2. Beating the Baselines

The paper compares the Goodness-of-Fit (GoF) approach against standard outlier detection algorithms like One-Class SVM and Local Outlier Factor (LOF).

Table 2: Comparison with outlier detection-based baselines on the Textbooks corpus.

The results in Table 2 are decisive. The GoF framework (specifically using Energy scores) significantly outperforms traditional outlier detection methods. The authors attribute this to sample efficiency; standard outlier detection struggles with the high dimensionality of text embeddings when sample sizes are small.

3. Can’t the LLM Just Tell Us?

A common counter-argument is: “Why not just ask GPT-4 if the retrieved documents are relevant?”

The authors tested this “LLM-based Relevance Score” approach. They prompted GPT-3.5 and GPT-4 to rate relevance on a scale of 0 to 1.

Table 3: Comparison with LM-based relevance score on the Textbooks corpus.

As shown in Table 3, the LLMs failed spectacularly. GPT-4 achieved an AUROC of only 0.2088 on PubMedQA—worse than random guessing. This highlights a critical weakness in current LLMs: they are often overconfident and struggle to strictly quantify the relevance of complex technical text without hallucinating connections.

4. The Power of Synthetic Queries

Recall the “workaround” of generating synthetic questions to train the detector. Does training on fake questions actually work for detecting real bad questions?

Figure 2: Illustration of critical values estimated using true in-knowledge and synthetic queries…

Figure 2 visualizes the distribution of test statistics. The blue histogram (Synthetic Queries) overlaps significantly with the orange/brown histogram (True In-Knowledge Queries). Because the distributions match, the critical threshold (the red/blue vertical lines) derived from synthetic data is very close to the one derived from real data. This confirms that developers can use synthetic queries to build reliable guardrails without needing a labeled log of user data.

5. Embedding Models Matter

Not all embedding models are created equal for this task. The researchers compared models like Contriever, MedCPT, and BGE.

Figure 3: Comparison of six different embedding models.

Figure 3 reveals a fascinating misalignment. Look at MedCPT (the third group). It achieves the highest accuracy on the actual QA task (the green bar is high), meaning it’s great at retrieving the right answer when the query is valid. However, its AUROC for detecting OoK queries (the orange bars) is the lowest.

This implies that a model optimized purely for retrieval performance might be “over-fitting” to the domain, making it less capable of differentiating between “slightly relevant” and “completely irrelevant.” It tries too hard to find a match.

6. Detecting Distribution Shift (Offline)

Finally, the offline experiments demonstrated the sensitivity of the KS test.

Figure 5: Offline testing results with the Textbooks corpus.

In Figure 5, the left chart shows p-values. As the ratio of In-Knowledge queries (x-axis) drops (meaning more OoK queries are introduced), the p-value crashes toward zero. The red dashed line represents the significance threshold. This confirms that the system can reliably sound the alarm when the user query stream starts drifting away from the knowledge base’s expertise.
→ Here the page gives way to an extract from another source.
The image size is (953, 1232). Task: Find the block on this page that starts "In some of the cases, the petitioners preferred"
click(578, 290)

Conclusion and Implications

This paper provides a necessary reality check for the booming RAG ecosystem. It moves us away from the naive assumption that “retrieval equals relevance.”
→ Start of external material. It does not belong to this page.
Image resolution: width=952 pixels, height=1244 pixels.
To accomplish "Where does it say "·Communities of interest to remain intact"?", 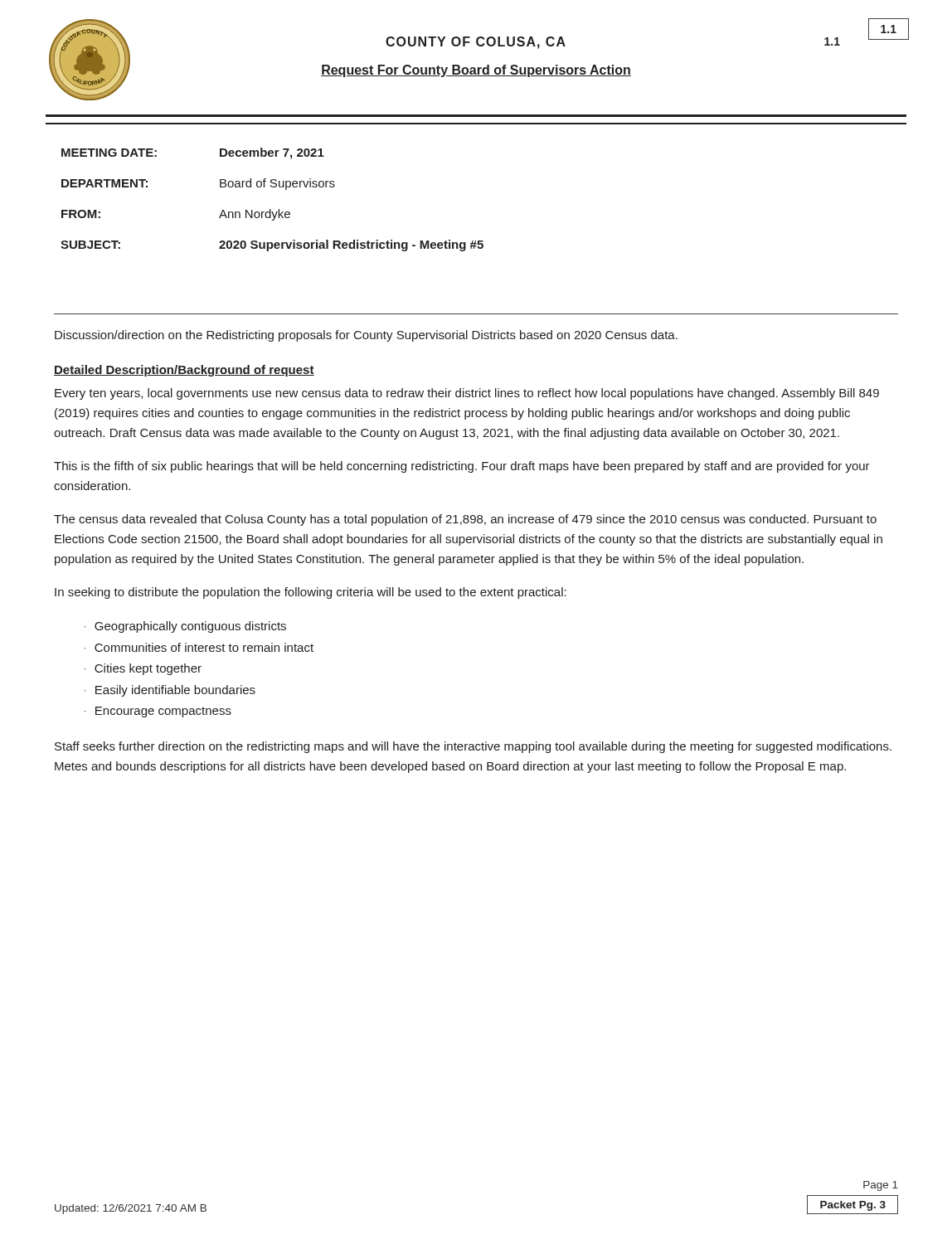I will (x=199, y=647).

By establishing a statistical framework, the authors have provided a way to quantify uncertainty in RAG.

  1. Safety: We can now mathematically identify when a system is operating outside its knowledge boundary and force it to abstain from answering.
  2. Self-Supervision: The success of synthetic queries means this framework can be deployed on any document set—legal, technical, or financial—without expensive human labeling.
  3. Maintenance: The offline testing framework gives engineers a “Check Engine” light, signaling exactly when the database needs an update.

As we continue to integrate Large Language Models into critical infrastructure, the ability to say “I don’t know” may turn out to be the most intelligent feature of all.